Hans Sedlmayr, the Austrian art historian, once wrote that modern art “tears down the frame, erases the contour, and exposes us to the infinite.” Goya anticipates this, suggesting that to trust in lines is already to believe in a fiction.
So why do we keep drawing in lines? Why do we believe in fiction?
The line is the simplest agreement we can make with ourselves. It is the first language we reach for. Children draw in lines before they write words. Architects build futures from lines on a blueprint. Dürer carved whole worlds out of lines in his engravings. Picasso caught the essence of a bull or a dove with a single stroke. Kandinsky wrote about lines like they were charged wires. In Japanese sumi-e, a line can hold the weight of a mountain or the sway of bamboo.

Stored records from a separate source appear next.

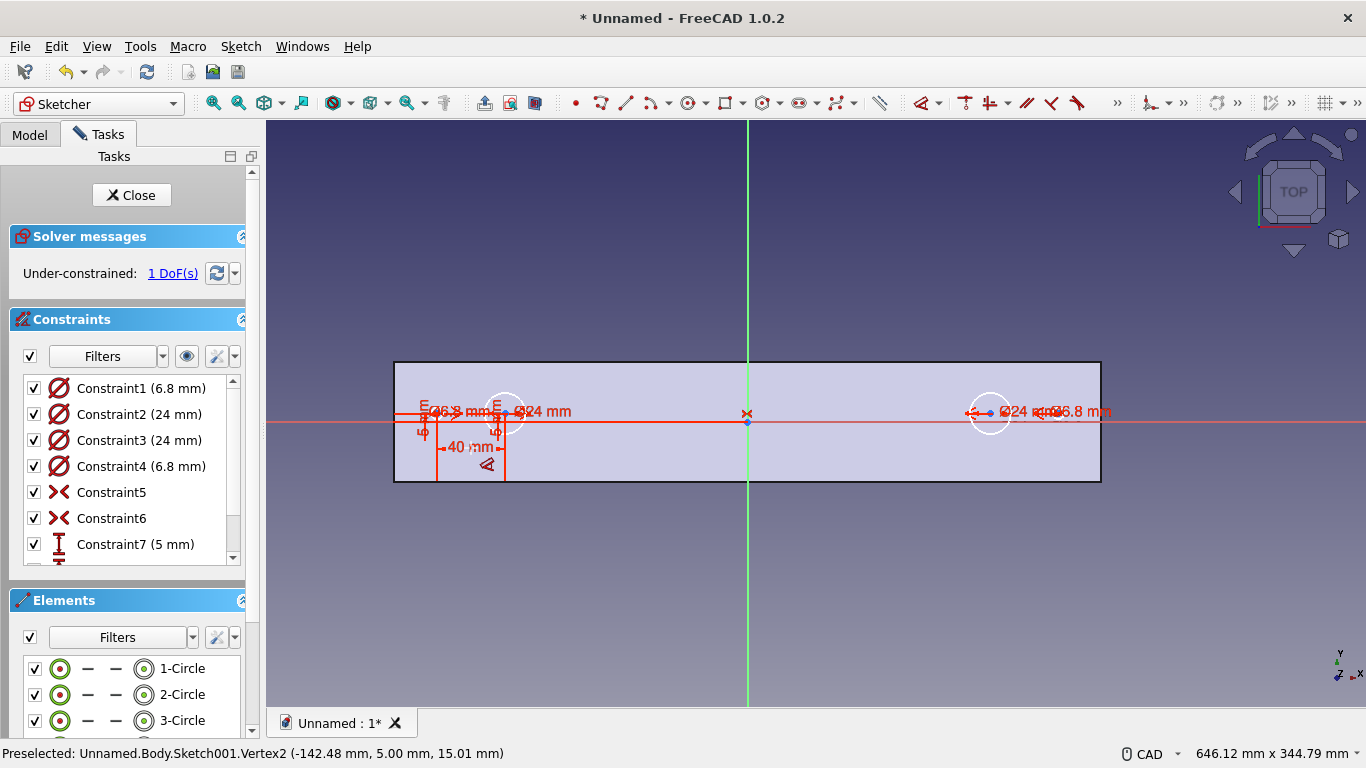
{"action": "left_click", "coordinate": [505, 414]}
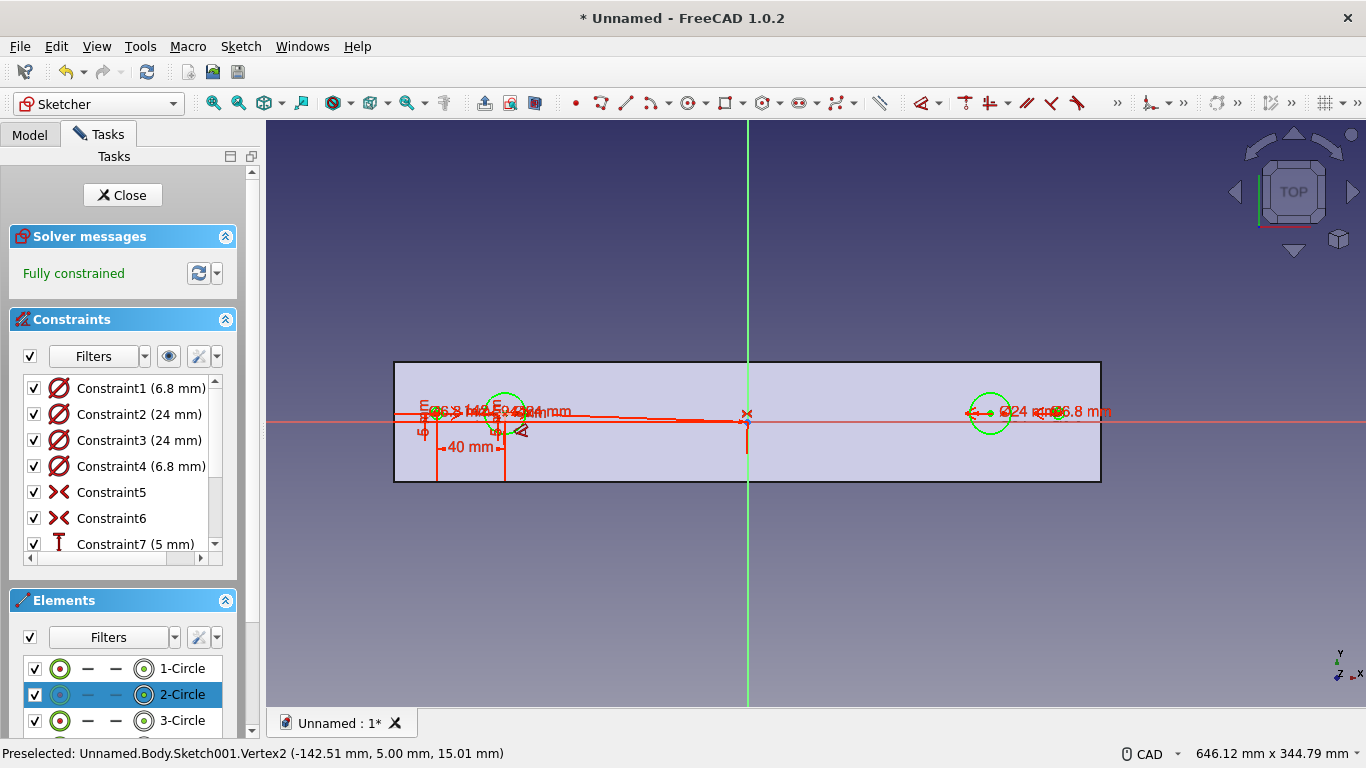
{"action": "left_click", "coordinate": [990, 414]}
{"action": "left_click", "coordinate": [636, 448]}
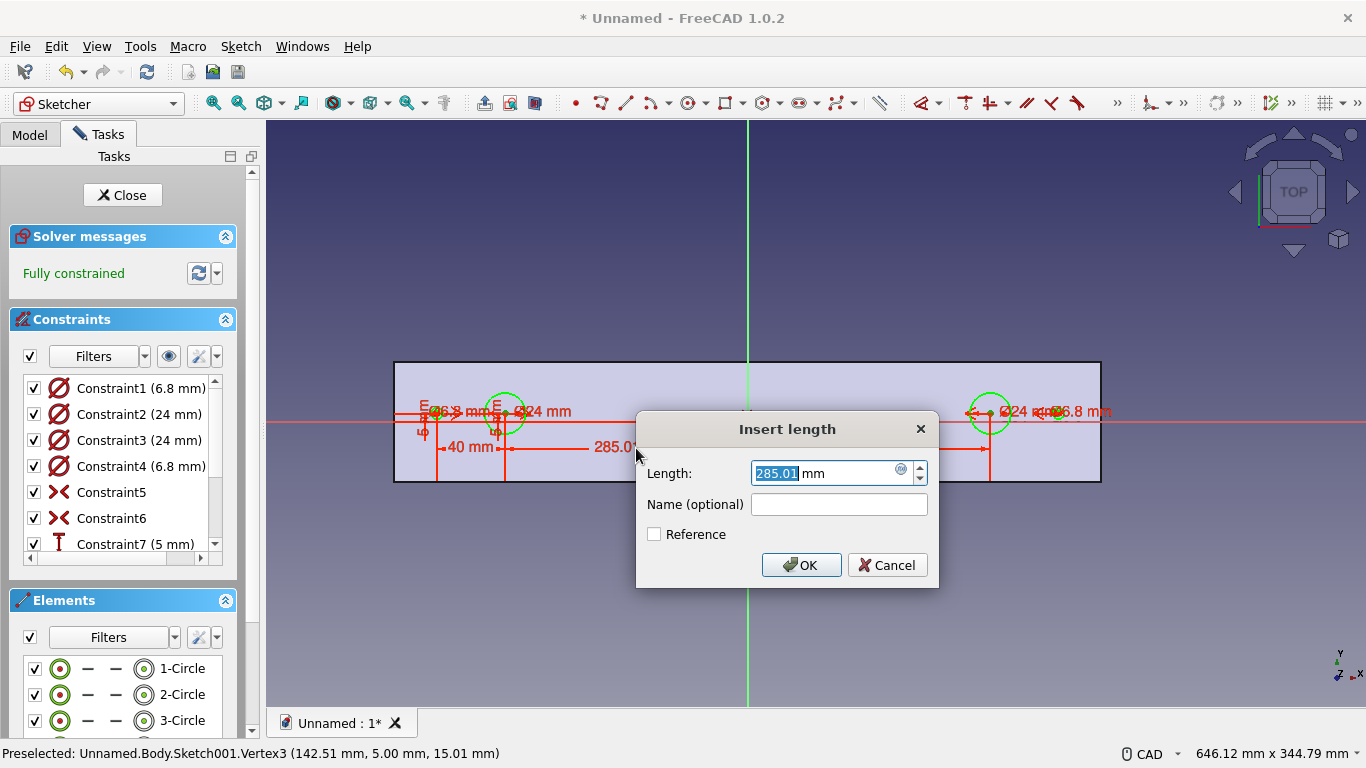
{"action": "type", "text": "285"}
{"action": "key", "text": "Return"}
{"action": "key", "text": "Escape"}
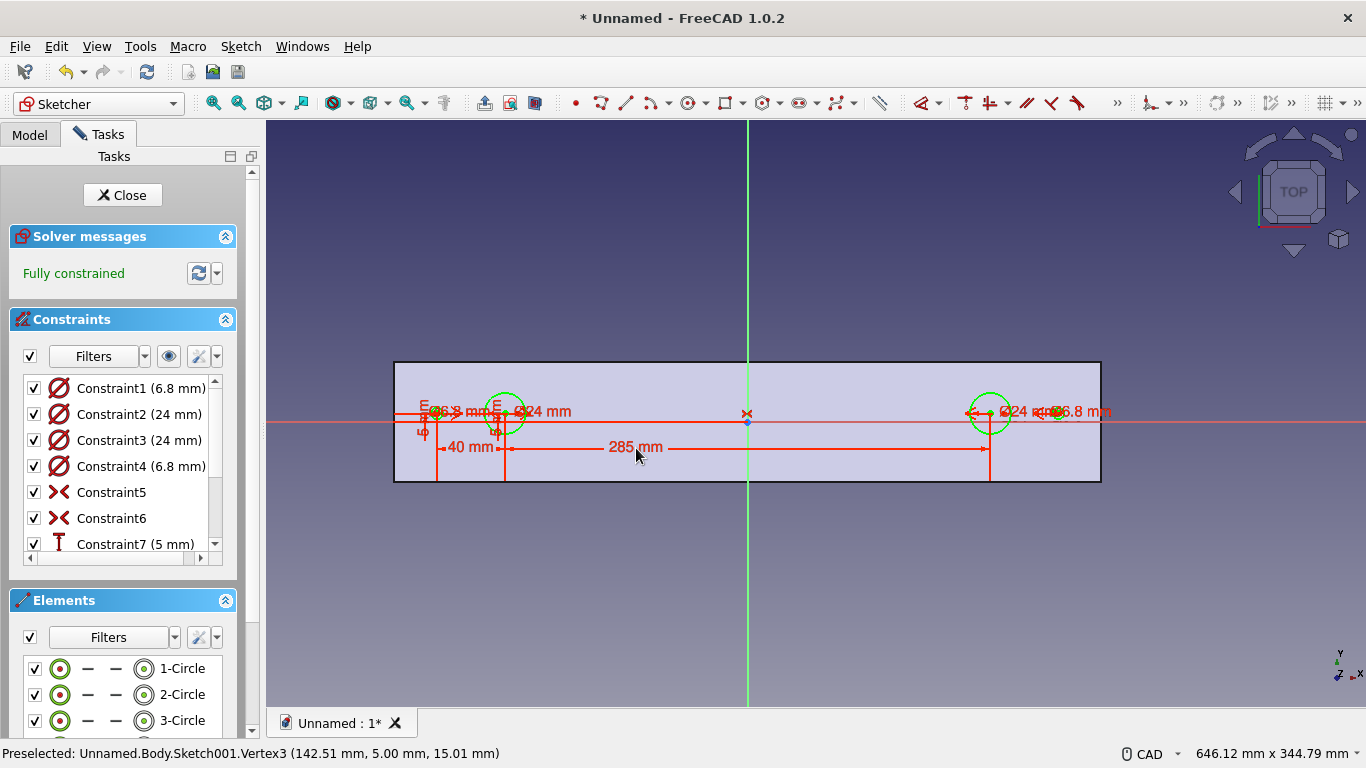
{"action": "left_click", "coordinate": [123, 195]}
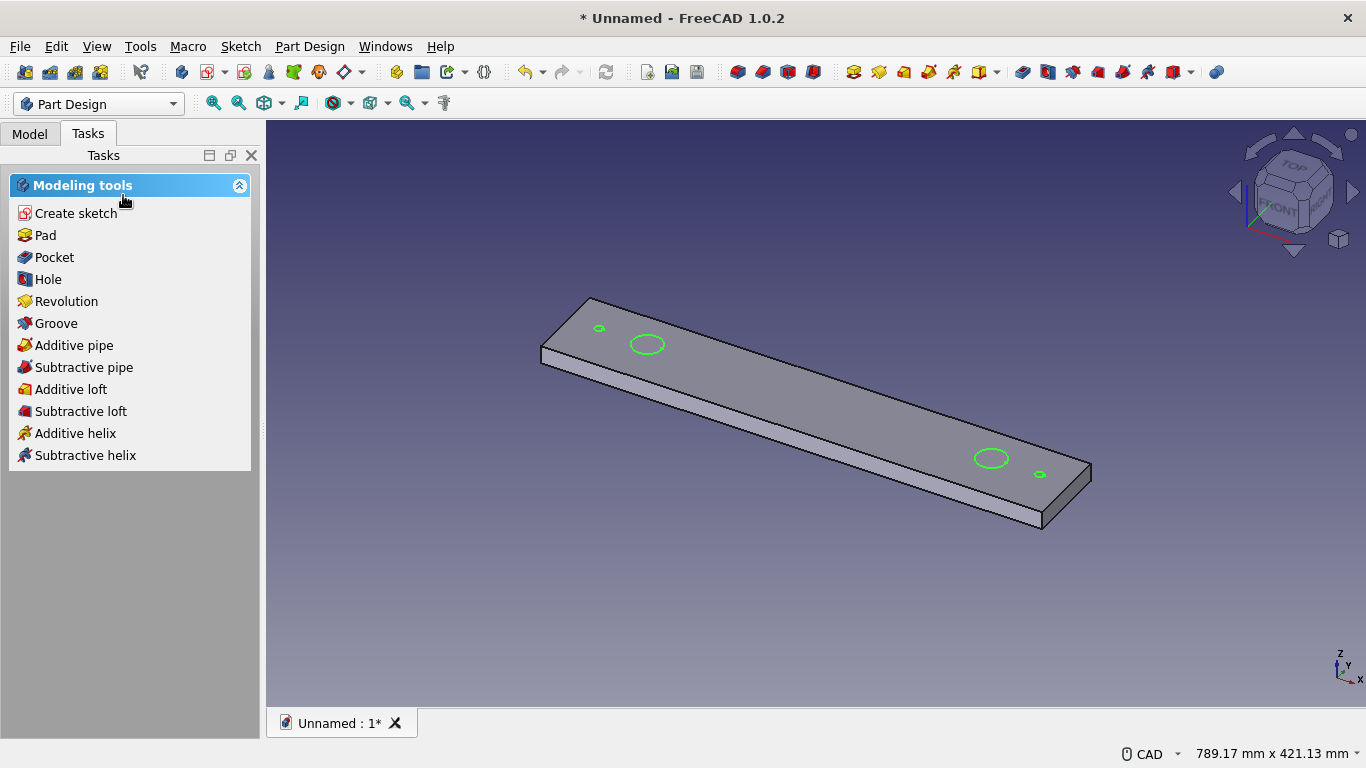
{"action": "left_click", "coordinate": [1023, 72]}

The tradition is long, and every artist who picks up a pencil or brush enters into it, whether knowingly or not. Even scientists (think of Galileo’s sketches of the moon or Leonardo’s anatomy) start by tracing outlines. A line is not nature, but it is a way of approaching it. Paul Valéry once remarked: “A line is a prodigious abstraction; it is neither matter, nor air, nor shadow, yet it governs them all.” Klee called it “a dot that went for a walk.” Kandinsky charged it with force, direction, tension. Agnes Martin stretched it until it became a form of meditation. And yet, none of these artists denied Goya’s insight: that lines are fictions, necessary ones.

Today, lines extend beyond paper. They’re digital, elastic, endlessly redrawn. We scroll through timelines, swipe across storylines. Even the new words we invent — algospeak (coded slang), sharent (parents sharing children’s lives online), microdosing (creativity or wellness in fragments) — seem like contemporary lines, quick sketches of shifting cultural shapes.
Paul Ricoeur, the French philosopher, suggested that “every trace is already interpretation.” Yes, it simplifies, but also guides us toward meaning. We underestimate it because it looks so slight.

But the world is nothing if not lines: the horizon, the fold of skin at the knuckle, the telephone wires that some of us still remember as part of the landscape.
Merleau-Ponty once wrote: “Drawing is not the imitation of things, but the act by which their visibility is invented.”
Drawing is letting our hands see what our eyes cannot hold for long. And yet, as MacNeice put it, “What is beautiful is that which has no edge.” We draw in lines because they let us feel — the tilt of a shadow, the curve of what is passing, the tremor in a reflection that no camera can capture. We draw in lines to touch the spaces between forms, to mark presence without claiming control.
Every outline is a fiction; the world itself has no edge.